EXERCISE GOAL >>
Within this material, find every line where the string "Concise" appears, and copy it out.

EXERCISE DATA >>
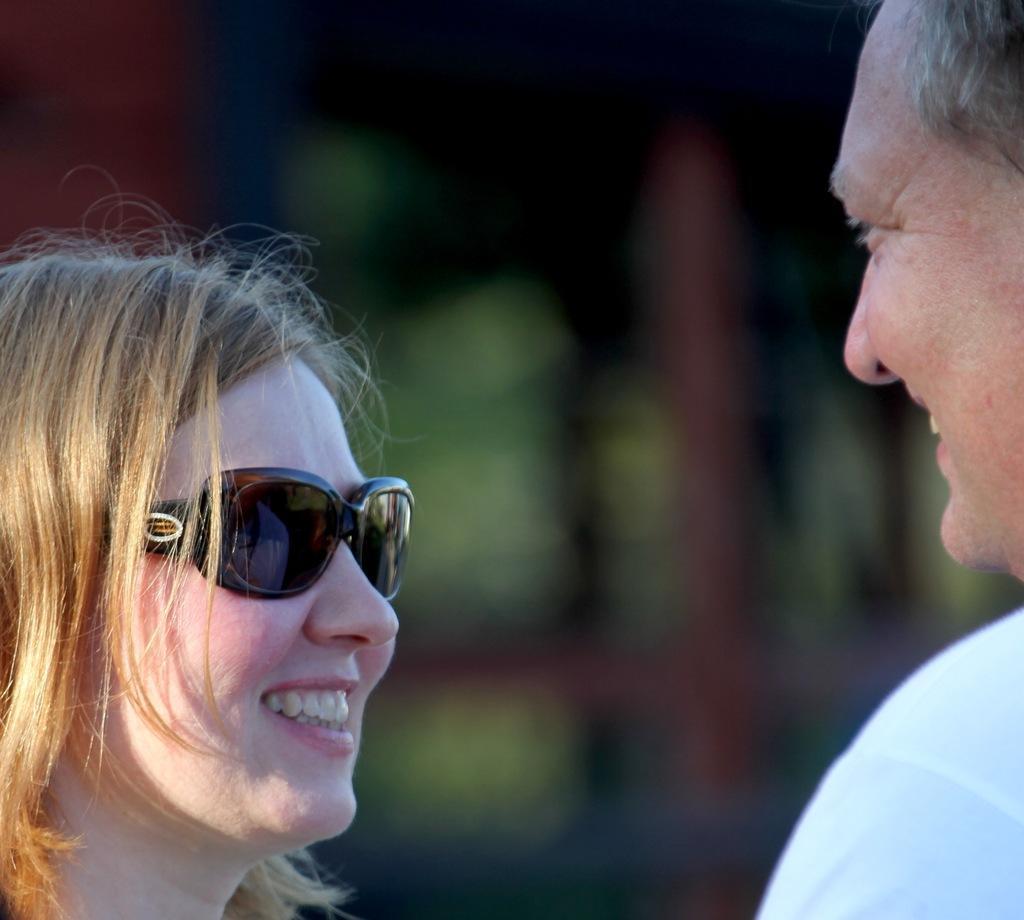Can you describe this image briefly? In the foreground of the picture we can see a man and a woman. The background is blurred. 
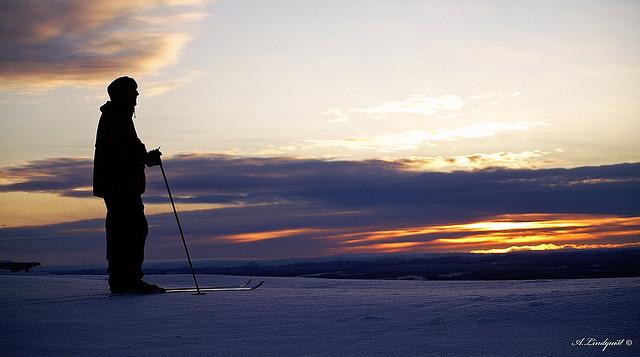What is in the person's hand?
Concise answer only. Ski pole. Are there clouds in the sky?
Quick response, please. Yes. Are the people at the beach?
Give a very brief answer. No. What object can you see between the person's hands?
Keep it brief. Ski pole. What is the weather?
Concise answer only. Cold. What time of day is it in this scene?
Short answer required. Sunset. 
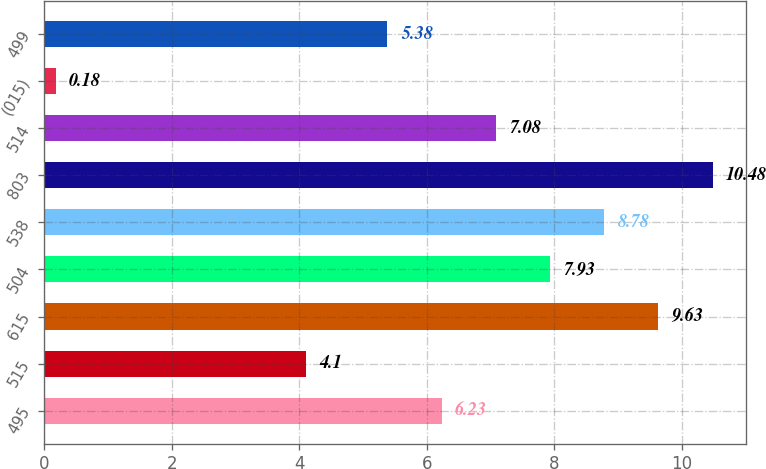Convert chart to OTSL. <chart><loc_0><loc_0><loc_500><loc_500><bar_chart><fcel>495<fcel>515<fcel>615<fcel>504<fcel>538<fcel>803<fcel>514<fcel>(015)<fcel>499<nl><fcel>6.23<fcel>4.1<fcel>9.63<fcel>7.93<fcel>8.78<fcel>10.48<fcel>7.08<fcel>0.18<fcel>5.38<nl></chart>

COMPLETED EXERCISE >>
Concise answer only. Ski pole. Are there clouds in the sky?
Concise answer only. Cold. What time of day is it in this scene?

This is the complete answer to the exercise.